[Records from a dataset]

◇ ◇ ◇

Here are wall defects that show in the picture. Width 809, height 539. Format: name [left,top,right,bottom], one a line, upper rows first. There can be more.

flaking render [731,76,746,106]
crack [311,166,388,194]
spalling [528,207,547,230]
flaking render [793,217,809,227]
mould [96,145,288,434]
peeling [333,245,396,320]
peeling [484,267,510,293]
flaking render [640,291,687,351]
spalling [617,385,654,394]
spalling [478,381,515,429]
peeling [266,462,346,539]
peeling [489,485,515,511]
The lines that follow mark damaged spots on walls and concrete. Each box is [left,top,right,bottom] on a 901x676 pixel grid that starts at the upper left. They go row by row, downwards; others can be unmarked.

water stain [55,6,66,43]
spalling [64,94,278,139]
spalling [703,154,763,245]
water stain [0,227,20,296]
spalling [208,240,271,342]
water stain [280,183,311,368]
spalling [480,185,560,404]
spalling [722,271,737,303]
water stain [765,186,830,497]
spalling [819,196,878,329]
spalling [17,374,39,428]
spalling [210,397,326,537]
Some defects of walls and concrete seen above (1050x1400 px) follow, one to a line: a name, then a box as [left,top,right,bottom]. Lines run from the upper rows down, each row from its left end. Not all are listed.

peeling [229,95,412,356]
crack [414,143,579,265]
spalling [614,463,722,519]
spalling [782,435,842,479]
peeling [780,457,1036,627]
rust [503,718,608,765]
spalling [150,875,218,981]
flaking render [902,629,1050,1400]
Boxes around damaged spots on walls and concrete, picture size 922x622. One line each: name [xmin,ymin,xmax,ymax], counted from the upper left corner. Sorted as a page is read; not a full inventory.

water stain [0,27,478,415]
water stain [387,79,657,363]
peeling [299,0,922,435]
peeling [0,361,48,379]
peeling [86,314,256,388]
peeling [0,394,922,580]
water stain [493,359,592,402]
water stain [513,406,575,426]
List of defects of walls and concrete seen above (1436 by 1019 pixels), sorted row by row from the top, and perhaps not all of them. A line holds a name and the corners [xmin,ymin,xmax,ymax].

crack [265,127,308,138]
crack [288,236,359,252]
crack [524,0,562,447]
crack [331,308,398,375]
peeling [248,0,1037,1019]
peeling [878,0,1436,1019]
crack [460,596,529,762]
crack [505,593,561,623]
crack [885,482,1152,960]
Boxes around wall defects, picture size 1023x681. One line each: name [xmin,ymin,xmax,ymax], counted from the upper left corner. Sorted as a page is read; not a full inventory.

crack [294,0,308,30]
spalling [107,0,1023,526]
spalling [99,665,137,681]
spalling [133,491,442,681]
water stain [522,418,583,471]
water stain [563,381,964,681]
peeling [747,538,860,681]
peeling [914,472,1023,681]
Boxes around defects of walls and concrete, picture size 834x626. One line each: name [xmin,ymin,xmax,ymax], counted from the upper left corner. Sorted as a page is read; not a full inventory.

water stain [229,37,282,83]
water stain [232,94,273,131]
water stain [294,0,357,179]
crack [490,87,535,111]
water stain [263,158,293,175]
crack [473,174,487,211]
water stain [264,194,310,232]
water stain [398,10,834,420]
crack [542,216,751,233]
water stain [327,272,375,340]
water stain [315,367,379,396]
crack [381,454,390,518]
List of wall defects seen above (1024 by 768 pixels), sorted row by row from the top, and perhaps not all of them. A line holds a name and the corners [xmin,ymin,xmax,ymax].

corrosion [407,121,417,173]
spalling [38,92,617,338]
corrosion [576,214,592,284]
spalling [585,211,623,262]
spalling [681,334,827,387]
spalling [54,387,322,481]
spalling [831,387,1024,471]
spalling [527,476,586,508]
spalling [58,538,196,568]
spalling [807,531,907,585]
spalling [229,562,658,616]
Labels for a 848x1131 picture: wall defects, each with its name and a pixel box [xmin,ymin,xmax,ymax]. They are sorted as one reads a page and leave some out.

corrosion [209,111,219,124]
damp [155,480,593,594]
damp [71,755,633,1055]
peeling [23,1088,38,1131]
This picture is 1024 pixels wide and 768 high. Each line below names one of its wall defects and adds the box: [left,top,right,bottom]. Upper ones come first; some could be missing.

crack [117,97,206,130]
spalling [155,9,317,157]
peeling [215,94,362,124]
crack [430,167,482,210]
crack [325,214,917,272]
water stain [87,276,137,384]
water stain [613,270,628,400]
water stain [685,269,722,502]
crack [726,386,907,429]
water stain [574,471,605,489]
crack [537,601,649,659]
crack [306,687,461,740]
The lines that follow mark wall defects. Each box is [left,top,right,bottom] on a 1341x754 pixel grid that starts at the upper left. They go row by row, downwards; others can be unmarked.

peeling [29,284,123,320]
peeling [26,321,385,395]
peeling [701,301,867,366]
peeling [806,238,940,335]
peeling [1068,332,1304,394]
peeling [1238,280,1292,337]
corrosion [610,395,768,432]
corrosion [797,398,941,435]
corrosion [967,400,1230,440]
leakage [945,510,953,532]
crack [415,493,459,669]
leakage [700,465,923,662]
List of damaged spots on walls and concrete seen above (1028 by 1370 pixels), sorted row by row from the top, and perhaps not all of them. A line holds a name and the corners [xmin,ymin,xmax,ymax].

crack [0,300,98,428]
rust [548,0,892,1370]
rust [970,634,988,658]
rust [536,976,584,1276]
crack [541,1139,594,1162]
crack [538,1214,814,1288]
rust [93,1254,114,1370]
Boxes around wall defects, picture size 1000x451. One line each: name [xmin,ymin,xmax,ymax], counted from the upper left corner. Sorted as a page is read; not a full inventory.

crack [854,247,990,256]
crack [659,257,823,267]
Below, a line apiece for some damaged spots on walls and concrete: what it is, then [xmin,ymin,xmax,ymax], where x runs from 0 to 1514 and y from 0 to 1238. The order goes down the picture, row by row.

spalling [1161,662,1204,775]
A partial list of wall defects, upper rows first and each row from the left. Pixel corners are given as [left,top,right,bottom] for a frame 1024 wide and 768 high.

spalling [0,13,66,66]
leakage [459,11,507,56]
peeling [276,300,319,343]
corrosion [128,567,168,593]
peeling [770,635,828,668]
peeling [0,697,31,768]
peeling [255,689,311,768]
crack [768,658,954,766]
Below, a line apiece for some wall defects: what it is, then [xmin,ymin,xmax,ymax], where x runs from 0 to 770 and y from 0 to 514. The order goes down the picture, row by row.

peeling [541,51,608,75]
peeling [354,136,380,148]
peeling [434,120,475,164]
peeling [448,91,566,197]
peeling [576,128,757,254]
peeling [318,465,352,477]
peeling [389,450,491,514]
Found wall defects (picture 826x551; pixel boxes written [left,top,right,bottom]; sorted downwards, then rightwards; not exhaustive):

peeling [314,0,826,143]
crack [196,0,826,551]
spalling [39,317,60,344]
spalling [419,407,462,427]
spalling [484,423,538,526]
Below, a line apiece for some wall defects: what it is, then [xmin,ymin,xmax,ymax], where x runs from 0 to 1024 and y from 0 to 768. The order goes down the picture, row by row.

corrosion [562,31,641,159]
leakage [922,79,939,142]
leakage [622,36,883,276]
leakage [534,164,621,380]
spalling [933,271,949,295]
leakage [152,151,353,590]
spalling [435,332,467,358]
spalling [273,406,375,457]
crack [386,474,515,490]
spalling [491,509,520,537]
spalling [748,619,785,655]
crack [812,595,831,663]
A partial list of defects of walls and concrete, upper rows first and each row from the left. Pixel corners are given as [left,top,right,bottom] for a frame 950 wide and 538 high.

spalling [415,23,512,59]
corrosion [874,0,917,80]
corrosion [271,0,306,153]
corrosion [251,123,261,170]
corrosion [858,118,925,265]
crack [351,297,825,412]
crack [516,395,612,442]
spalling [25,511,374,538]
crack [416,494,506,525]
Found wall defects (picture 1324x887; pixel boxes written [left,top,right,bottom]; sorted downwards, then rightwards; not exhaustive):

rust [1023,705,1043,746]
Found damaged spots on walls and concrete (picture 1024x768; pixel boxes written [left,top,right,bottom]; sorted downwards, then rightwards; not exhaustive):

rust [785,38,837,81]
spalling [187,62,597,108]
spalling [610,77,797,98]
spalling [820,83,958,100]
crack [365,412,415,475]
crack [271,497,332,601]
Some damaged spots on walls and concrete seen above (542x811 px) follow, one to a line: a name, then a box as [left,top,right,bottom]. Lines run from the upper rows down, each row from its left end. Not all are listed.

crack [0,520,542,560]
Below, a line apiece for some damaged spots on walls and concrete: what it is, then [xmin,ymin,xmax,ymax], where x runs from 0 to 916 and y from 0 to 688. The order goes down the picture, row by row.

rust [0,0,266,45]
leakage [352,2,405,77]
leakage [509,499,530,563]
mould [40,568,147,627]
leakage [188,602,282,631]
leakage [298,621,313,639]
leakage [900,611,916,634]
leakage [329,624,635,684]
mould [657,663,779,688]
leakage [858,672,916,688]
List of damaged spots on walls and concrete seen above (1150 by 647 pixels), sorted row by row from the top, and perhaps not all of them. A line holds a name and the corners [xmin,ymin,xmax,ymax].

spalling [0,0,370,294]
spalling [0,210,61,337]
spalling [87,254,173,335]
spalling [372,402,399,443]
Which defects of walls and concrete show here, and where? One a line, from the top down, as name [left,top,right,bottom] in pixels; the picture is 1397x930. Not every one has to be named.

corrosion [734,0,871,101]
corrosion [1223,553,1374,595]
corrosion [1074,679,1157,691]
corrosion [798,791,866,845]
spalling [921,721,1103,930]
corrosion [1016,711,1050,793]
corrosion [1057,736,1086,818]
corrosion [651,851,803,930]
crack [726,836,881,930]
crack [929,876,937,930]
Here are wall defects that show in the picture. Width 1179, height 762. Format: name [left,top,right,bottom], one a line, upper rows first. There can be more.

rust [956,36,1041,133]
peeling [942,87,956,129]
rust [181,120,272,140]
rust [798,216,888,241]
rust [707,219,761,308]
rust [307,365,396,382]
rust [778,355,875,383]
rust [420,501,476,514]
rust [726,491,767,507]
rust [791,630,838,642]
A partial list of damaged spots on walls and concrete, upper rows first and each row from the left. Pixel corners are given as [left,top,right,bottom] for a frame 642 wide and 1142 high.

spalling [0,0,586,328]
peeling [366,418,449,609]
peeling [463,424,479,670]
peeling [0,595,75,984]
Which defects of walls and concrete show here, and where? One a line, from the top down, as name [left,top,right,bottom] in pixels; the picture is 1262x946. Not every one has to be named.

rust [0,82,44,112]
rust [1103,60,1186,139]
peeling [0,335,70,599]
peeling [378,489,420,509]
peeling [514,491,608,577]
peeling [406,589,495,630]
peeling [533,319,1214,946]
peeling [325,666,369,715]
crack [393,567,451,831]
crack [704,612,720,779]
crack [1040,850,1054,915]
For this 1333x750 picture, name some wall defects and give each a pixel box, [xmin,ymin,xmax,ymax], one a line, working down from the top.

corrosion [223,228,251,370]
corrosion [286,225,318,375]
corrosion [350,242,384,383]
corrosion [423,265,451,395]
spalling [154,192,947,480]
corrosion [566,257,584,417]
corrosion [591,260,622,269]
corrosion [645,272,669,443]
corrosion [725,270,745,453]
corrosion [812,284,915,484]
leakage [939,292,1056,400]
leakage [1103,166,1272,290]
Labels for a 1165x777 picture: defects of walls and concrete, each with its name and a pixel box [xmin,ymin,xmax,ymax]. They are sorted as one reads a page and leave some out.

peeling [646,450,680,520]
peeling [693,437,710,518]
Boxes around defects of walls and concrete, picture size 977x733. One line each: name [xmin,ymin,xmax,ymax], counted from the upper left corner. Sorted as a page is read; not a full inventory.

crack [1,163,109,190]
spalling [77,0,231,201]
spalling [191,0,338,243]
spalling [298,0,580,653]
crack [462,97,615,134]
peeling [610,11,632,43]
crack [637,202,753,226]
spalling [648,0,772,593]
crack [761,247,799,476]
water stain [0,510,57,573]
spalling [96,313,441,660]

◇ ◇ ◇

> Exercise aim
What is wanted is the line containing "Labels for a 1165x777" and every line after it through the last line of the entries, printed exactly.

> Exercise solution
Labels for a 1165x777 picture: defects of walls and concrete, each with its name and a pixel box [xmin,ymin,xmax,ymax]. They are sorted as one reads a page and leave some out.

peeling [646,450,680,520]
peeling [693,437,710,518]
Boxes around defects of walls and concrete, picture size 977x733. One line each: name [xmin,ymin,xmax,ymax], counted from the upper left corner. Sorted as a page is read; not a full inventory.

crack [1,163,109,190]
spalling [77,0,231,201]
spalling [191,0,338,243]
spalling [298,0,580,653]
crack [462,97,615,134]
peeling [610,11,632,43]
crack [637,202,753,226]
spalling [648,0,772,593]
crack [761,247,799,476]
water stain [0,510,57,573]
spalling [96,313,441,660]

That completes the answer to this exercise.